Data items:

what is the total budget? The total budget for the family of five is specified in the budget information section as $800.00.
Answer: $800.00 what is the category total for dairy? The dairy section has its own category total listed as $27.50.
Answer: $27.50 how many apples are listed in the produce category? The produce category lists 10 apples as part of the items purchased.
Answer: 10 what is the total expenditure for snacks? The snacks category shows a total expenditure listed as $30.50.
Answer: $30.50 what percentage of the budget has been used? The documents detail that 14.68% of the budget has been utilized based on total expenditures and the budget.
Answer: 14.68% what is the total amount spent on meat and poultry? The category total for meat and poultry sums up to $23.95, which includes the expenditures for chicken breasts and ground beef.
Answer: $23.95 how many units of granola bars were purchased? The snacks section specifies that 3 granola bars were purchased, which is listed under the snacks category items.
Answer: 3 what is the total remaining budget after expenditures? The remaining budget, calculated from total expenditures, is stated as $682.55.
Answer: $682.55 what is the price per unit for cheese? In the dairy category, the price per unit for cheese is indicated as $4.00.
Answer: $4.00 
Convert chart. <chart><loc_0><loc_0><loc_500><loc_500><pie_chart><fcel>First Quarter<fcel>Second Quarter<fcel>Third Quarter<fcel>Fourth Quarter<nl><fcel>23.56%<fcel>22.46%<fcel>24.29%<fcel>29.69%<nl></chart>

ACTION ITEM: Retype only this range exactly: the first line of the data through the line where "Answer: $800.00 what" appears.

TASK RESULT:
what is the total budget? The total budget for the family of five is specified in the budget information section as $800.00.
Answer: $800.00 what is the category total for dairy? The dairy section has its own category total listed as $27.50.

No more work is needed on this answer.